### TASK DETAILS
Find the line with "2(4) + 2(4)) = 4$" in the entries below, then reproduce it and every line after it down to and including the line with "5) Therefore, our", exactly.

..........

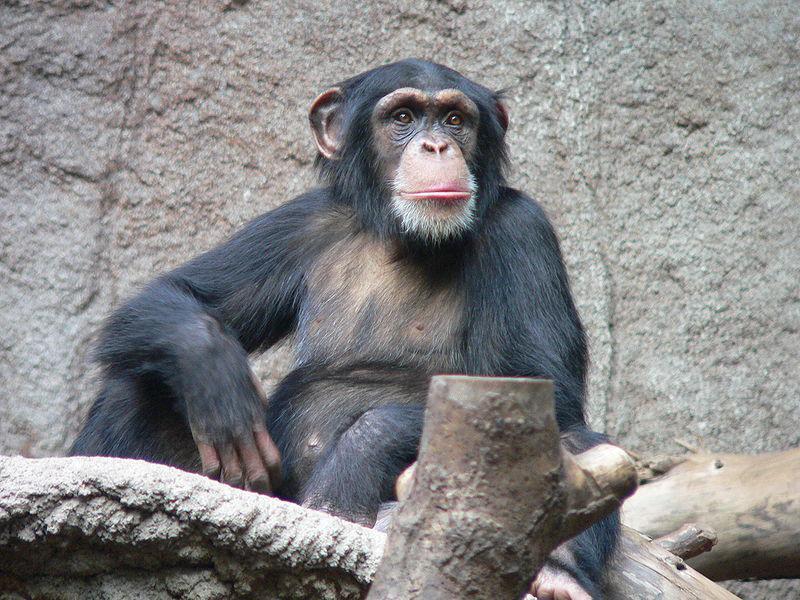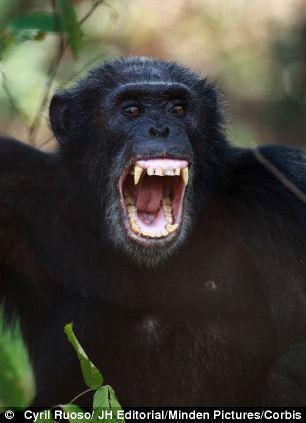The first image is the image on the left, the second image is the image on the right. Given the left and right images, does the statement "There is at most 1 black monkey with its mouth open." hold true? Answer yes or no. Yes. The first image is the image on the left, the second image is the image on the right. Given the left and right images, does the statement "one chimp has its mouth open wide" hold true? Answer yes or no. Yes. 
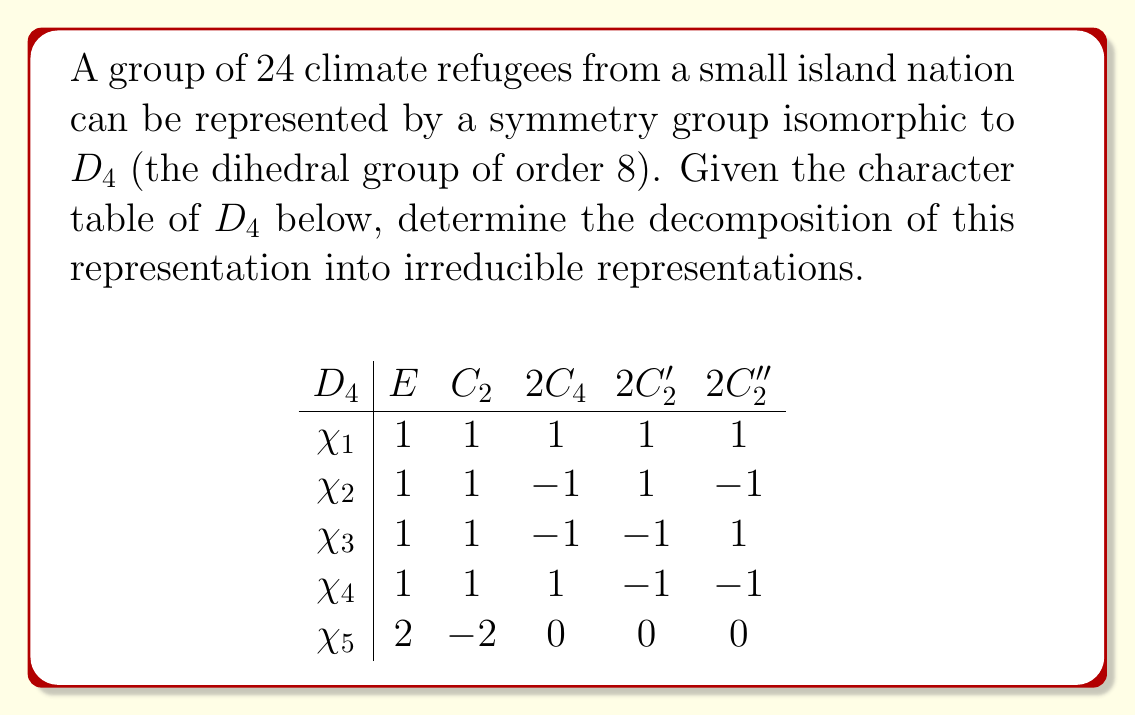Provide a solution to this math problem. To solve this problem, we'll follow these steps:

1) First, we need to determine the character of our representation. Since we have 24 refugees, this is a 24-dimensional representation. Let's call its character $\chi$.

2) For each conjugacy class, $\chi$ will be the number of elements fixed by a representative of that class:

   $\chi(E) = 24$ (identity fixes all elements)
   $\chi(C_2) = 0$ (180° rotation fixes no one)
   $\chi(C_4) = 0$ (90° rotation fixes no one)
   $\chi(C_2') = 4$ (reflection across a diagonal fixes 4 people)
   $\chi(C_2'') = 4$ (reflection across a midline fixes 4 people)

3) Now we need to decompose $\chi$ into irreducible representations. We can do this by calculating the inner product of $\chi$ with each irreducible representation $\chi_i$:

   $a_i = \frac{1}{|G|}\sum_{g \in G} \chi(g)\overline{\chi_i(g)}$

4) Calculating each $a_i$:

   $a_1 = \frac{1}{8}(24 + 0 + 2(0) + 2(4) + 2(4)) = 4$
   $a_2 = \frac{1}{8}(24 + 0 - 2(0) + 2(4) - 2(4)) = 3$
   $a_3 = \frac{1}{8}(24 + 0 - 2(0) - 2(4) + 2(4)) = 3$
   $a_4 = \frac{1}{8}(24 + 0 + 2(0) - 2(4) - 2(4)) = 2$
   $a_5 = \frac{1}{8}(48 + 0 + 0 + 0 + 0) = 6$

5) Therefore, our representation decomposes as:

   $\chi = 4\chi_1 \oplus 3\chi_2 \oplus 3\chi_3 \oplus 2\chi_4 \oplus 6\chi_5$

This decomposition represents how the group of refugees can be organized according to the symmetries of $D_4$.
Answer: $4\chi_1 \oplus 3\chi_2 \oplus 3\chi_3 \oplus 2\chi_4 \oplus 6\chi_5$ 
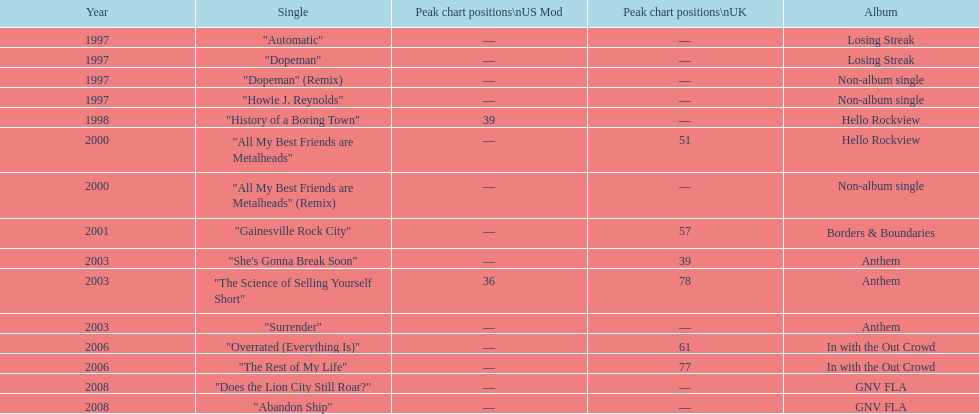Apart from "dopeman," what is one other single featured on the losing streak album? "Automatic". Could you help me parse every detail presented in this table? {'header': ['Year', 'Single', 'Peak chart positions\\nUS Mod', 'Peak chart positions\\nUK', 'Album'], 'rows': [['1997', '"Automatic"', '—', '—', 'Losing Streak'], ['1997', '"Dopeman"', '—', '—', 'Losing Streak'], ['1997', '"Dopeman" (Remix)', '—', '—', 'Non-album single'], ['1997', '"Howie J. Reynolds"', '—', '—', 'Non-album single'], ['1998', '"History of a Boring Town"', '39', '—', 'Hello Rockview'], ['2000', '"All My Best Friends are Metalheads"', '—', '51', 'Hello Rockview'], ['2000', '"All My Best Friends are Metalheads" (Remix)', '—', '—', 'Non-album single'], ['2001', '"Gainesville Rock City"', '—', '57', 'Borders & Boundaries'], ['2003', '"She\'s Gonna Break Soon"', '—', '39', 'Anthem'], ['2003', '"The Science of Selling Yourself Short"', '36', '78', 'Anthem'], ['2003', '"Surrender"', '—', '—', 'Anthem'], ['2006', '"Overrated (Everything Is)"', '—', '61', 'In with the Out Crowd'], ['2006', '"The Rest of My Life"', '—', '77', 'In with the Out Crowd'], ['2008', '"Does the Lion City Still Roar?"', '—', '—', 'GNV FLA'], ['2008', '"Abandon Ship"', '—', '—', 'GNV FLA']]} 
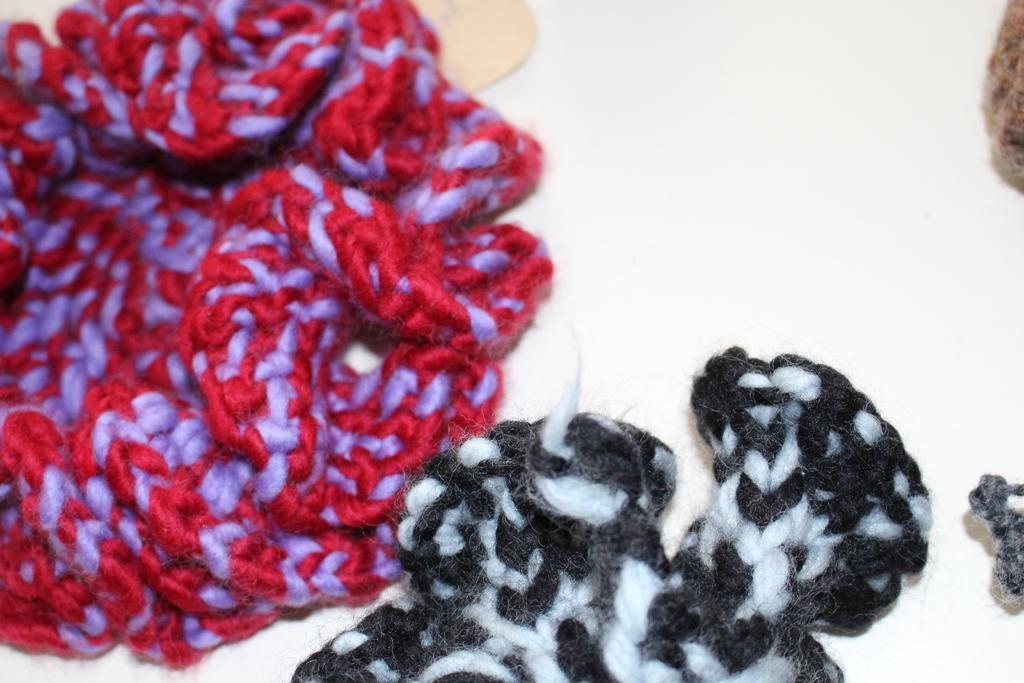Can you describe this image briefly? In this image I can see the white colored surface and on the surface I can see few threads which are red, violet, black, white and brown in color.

..........

### WRITTEN ANSWER
   $a_1 = \frac{1}{8}(24 + 0 + 2(0) + 2(4) + 2(4)) = 4$
   $a_2 = \frac{1}{8}(24 + 0 - 2(0) + 2(4) - 2(4)) = 3$
   $a_3 = \frac{1}{8}(24 + 0 - 2(0) - 2(4) + 2(4)) = 3$
   $a_4 = \frac{1}{8}(24 + 0 + 2(0) - 2(4) - 2(4)) = 2$
   $a_5 = \frac{1}{8}(48 + 0 + 0 + 0 + 0) = 6$

5) Therefore, our representation decomposes as:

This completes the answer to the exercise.